▶ **Work item**
Reproduce the lines below exactly. Begin with the first, end with the line containing "Camera HFOV: 19.6 deg.", and leave out the pictures.

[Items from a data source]
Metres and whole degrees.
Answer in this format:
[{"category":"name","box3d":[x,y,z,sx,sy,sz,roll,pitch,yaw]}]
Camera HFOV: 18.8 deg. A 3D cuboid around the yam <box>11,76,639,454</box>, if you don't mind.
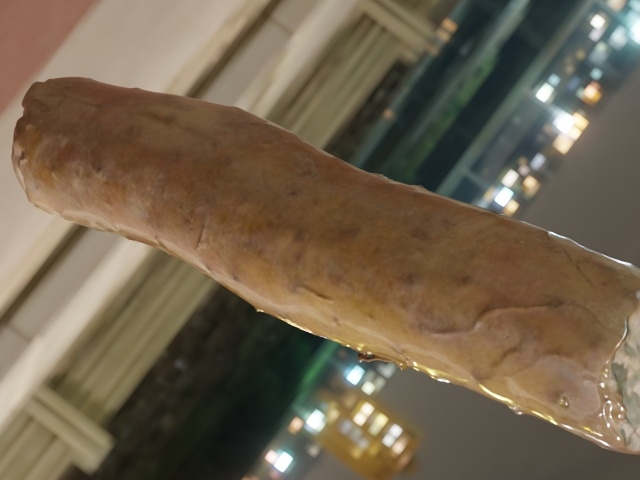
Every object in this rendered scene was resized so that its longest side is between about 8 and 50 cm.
[{"category":"yam","box3d":[0.000,0.000,0.557,0.056,0.241,0.057,-27,127,-42]}]
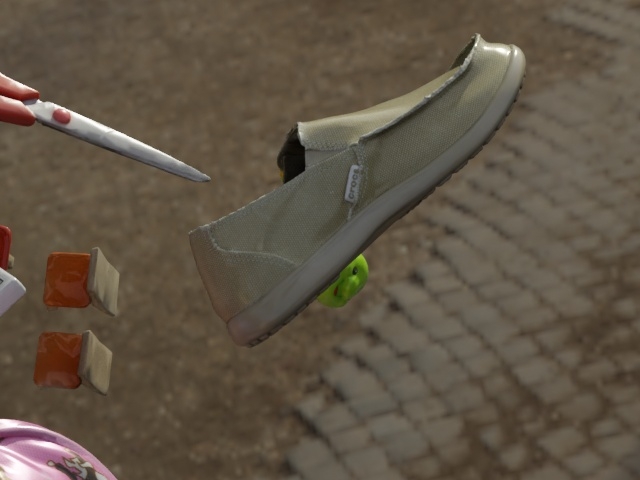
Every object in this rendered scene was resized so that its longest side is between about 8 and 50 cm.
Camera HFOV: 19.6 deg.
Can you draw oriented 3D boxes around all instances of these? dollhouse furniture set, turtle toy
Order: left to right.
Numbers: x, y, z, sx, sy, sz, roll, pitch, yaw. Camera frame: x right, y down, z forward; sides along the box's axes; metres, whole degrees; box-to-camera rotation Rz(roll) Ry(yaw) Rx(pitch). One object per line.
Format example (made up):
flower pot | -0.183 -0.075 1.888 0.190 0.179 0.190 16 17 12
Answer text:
dollhouse furniture set | -0.324 0.108 1.602 0.262 0.259 0.135 4 -16 5
turtle toy | 0.000 0.000 1.300 0.066 0.095 0.130 5 33 -4

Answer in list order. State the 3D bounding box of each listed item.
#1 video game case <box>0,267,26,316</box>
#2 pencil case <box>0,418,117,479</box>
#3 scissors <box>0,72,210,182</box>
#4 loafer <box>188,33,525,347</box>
video game case | -0.310 0.068 1.459 0.143 0.019 0.157 -45 26 -12
pencil case | -0.278 0.263 1.179 0.386 0.160 0.167 -35 51 34
scissors | -0.231 -0.115 1.535 0.297 0.021 0.109 10 47 -23
loafer | 0.023 -0.048 1.184 0.268 0.092 0.102 -44 3 -15
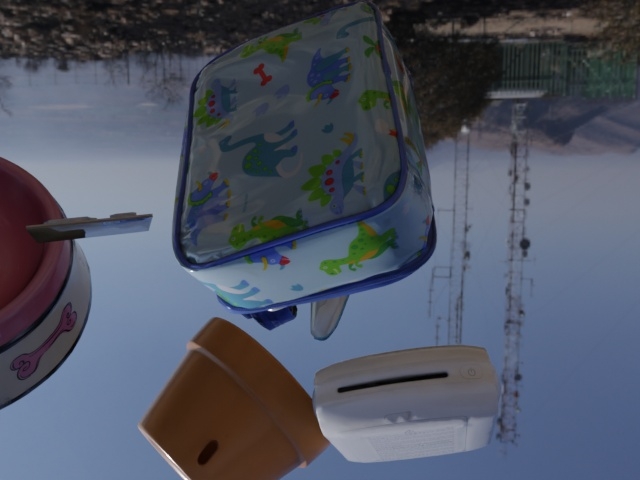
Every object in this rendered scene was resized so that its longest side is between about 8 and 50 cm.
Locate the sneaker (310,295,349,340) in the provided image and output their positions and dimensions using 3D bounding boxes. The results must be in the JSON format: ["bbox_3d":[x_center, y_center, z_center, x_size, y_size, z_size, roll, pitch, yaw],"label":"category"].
[{"bbox_3d":[0.002,0.025,0.882,0.092,0.229,0.087,8,170,-4],"label":"sneaker"}]

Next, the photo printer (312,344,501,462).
[{"bbox_3d":[0.128,0.241,0.909,0.255,0.107,0.307,-10,151,8],"label":"photo printer"}]

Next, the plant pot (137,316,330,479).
[{"bbox_3d":[-0.152,0.300,1.018,0.203,0.291,0.290,-43,-151,-25],"label":"plant pot"}]

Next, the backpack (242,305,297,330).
[{"bbox_3d":[-0.097,0.094,1.067,0.101,0.120,0.098,-30,152,3],"label":"backpack"}]

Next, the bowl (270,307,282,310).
[{"bbox_3d":[0.000,0.000,0.599,0.142,0.053,0.142,-25,-168,4],"label":"bowl"}]

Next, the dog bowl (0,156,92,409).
[{"bbox_3d":[-0.525,0.037,0.846,0.407,0.150,0.408,10,-131,-11],"label":"dog bowl"}]

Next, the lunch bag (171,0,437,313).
[{"bbox_3d":[-0.016,-0.062,0.449,0.176,0.219,0.090,-17,141,17],"label":"lunch bag"}]

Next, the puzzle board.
[{"bbox_3d":[-0.257,-0.016,0.707,0.128,0.011,0.096,-8,173,-19],"label":"puzzle board"}]
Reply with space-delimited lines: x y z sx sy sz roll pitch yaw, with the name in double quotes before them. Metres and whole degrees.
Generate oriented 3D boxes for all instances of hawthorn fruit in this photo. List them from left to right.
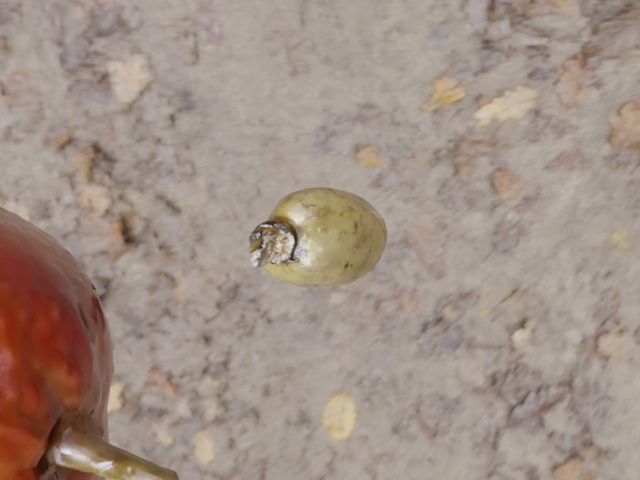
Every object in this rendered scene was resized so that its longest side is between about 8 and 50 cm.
"hawthorn fruit" -0.173 0.068 0.580 0.253 0.205 0.205 3 101 20

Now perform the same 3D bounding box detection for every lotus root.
"lotus root" 0.000 0.000 0.920 0.072 0.152 0.063 -45 67 28
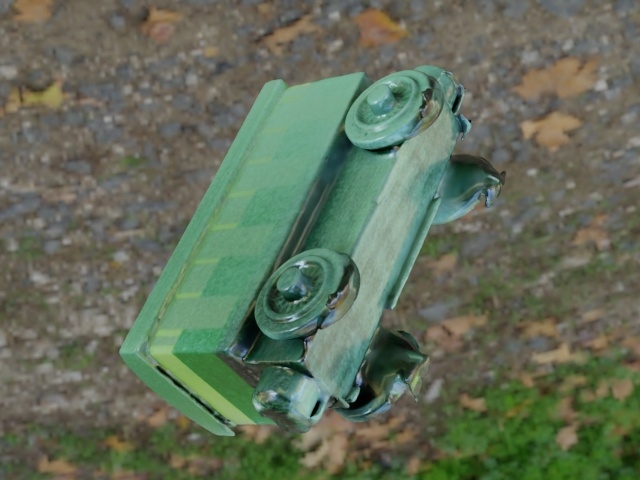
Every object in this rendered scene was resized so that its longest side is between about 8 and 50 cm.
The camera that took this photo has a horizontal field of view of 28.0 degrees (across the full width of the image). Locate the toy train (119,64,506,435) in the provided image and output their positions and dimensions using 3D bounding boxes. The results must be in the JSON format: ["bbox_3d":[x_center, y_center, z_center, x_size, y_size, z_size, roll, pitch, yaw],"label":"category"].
[{"bbox_3d":[0.000,0.000,0.905,0.202,0.300,0.120,-5,139,44],"label":"toy train"}]
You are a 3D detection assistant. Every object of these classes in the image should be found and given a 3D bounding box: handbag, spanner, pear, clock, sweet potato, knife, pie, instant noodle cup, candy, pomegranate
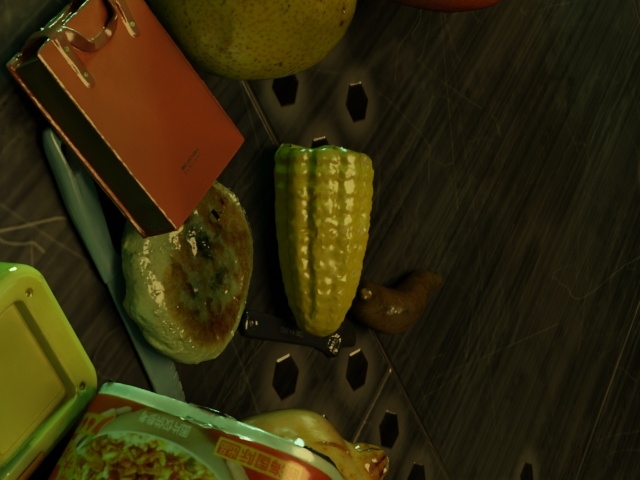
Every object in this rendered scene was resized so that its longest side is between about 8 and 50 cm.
[{"bbox_3d":[-0.157,-0.114,0.998,0.190,0.063,0.127,54,47,-24],"label":"handbag"},{"bbox_3d":[-0.019,0.096,1.280,0.208,0.012,0.046,17,76,-54],"label":"spanner"},{"bbox_3d":[-0.065,-0.238,1.066,0.198,0.198,0.198,-1,92,-56],"label":"pear"},{"bbox_3d":[-0.264,0.119,0.846,0.202,0.096,0.143,-52,133,-40],"label":"clock"},{"bbox_3d":[0.091,0.073,1.407,0.249,0.059,0.069,-7,84,-60],"label":"sweet potato"},{"bbox_3d":[-0.174,0.034,1.051,0.044,0.019,0.313,-51,133,-46],"label":"knife"},{"bbox_3d":[-0.116,0.020,1.097,0.187,0.041,0.187,8,81,-59],"label":"pie"},{"bbox_3d":[-0.121,0.285,0.871,0.294,0.294,0.308,43,62,-47],"label":"instant noodle cup"},{"bbox_3d":[0.000,0.000,1.238,0.106,0.094,0.199,0,96,-21],"label":"candy"},{"bbox_3d":[-0.035,0.257,1.094,0.209,0.209,0.209,-1,92,-56],"label":"pomegranate"}]

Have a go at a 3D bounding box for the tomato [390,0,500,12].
[{"bbox_3d":[0.124,-0.360,1.271,0.256,0.256,0.224,-21,135,-54],"label":"tomato"}]
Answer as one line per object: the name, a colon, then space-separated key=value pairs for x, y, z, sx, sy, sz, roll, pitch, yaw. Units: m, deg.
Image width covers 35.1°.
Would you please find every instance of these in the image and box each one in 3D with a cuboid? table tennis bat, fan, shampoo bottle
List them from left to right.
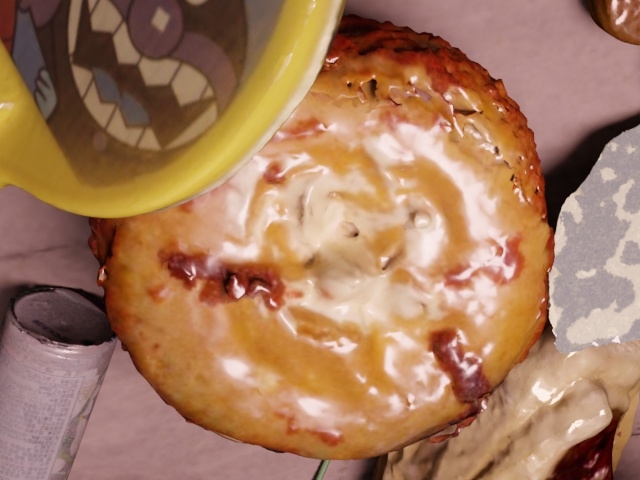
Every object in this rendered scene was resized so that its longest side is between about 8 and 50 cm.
shampoo bottle: x=-0.184 y=0.130 z=0.620 sx=0.072 sy=0.072 sz=0.214 roll=16 pitch=115 yaw=-18
table tennis bat: x=-0.130 y=-0.083 z=0.451 sx=0.368 sy=0.224 sz=0.054 roll=-43 pitch=161 yaw=27
fan: x=0.219 y=-0.014 z=0.590 sx=0.240 sy=0.009 sz=0.131 roll=-28 pitch=93 yaw=-17

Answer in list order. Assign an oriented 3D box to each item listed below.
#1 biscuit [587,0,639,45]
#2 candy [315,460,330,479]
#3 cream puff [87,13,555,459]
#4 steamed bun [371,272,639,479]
biscuit: x=0.257 y=-0.175 z=0.532 sx=0.180 sy=0.039 sz=0.236 roll=40 pitch=107 yaw=-22
candy: x=-0.011 y=0.201 z=0.722 sx=0.035 sy=0.035 sz=0.123 roll=18 pitch=107 yaw=-7
cream puff: x=0.001 y=0.000 z=0.521 sx=0.240 sy=0.164 sz=0.240 roll=-2 pitch=105 yaw=-8
steamed bun: x=0.152 y=0.232 z=0.682 sx=0.247 sy=0.189 sz=0.428 roll=13 pitch=117 yaw=-26
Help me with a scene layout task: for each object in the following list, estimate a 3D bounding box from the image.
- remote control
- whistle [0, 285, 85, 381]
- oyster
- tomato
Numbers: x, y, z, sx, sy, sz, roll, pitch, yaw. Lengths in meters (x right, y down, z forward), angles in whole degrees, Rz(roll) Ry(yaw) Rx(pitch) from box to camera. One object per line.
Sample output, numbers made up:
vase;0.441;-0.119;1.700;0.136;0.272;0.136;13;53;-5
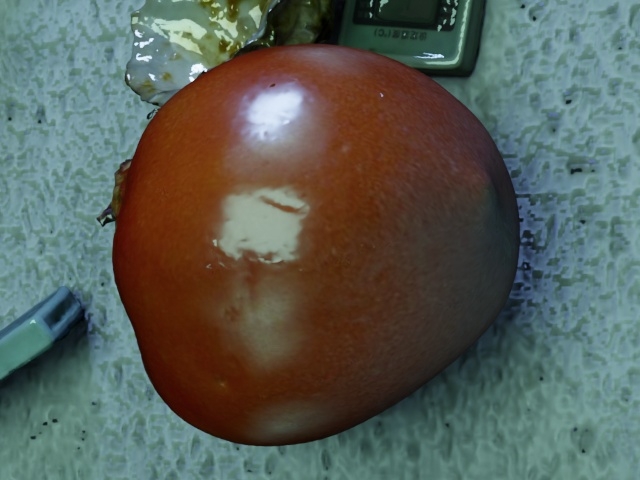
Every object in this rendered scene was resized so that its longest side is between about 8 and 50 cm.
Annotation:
remote control;0.091;-0.281;1.550;0.123;0.038;0.285;10;87;25
whistle;-0.371;0.091;1.650;0.290;0.163;0.163;-34;72;16
oyster;-0.047;-0.245;1.547;0.337;0.133;0.198;-54;54;18
tomato;0.000;0.000;1.407;0.321;0.321;0.321;-3;82;24
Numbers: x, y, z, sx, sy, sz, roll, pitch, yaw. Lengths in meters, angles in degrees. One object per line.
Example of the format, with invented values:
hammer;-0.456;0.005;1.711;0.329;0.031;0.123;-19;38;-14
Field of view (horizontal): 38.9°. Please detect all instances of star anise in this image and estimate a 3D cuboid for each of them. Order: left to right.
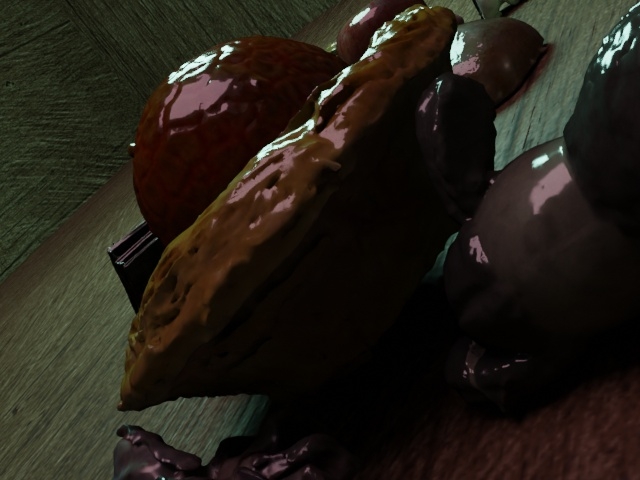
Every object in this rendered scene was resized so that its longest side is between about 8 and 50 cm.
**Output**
star anise;-0.074;0.161;0.484;0.198;0.110;0.257;-35;10;14

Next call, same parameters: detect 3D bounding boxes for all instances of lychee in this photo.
lychee;-0.068;-0.083;0.912;0.300;0.255;0.255;7;45;47

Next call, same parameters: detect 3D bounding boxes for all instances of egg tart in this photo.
egg tart;0.000;0.000;0.623;0.352;0.150;0.352;-50;4;4

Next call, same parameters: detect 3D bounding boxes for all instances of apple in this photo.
apple;0.100;-0.297;1.348;0.153;0.120;0.153;-40;7;6

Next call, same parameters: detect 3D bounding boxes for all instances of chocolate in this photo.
chocolate;0.122;-0.179;1.037;0.261;0.083;0.161;-23;24;43

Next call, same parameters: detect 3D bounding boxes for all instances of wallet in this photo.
wallet;-0.109;-0.035;1.087;0.317;0.044;0.169;-43;-24;-22

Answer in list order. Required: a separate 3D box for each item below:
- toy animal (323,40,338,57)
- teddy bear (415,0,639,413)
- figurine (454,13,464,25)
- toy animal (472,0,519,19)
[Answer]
toy animal;-0.011;-0.365;1.915;0.275;0.054;0.149;-30;15;31
teddy bear;0.143;-0.036;0.457;0.144;0.171;0.251;-26;-4;-46
figurine;0.163;-0.279;1.250;0.083;0.071;0.067;-43;56;12
toy animal;0.265;-0.367;1.265;0.124;0.085;0.071;-27;1;20

▶ **Exercise solution**
Metres and whole degrees.
Answer in this format:
[{"category":"name","box3d":[x,y,z,sx,sy,sz,roll,pitch,yaw]}]
Camera HFOV: 18.8 deg. A 3D cuboid around the yam <box>11,76,639,454</box>, if you don't mind.
Every object in this rendered scene was resized so that its longest side is between about 8 and 50 cm.
[{"category":"yam","box3d":[0.000,0.000,0.557,0.056,0.241,0.057,-27,127,-42]}]
Every object in this rendered scene was resized so that its longest side is between about 8 and 50 cm.
Camera HFOV: 19.6 deg.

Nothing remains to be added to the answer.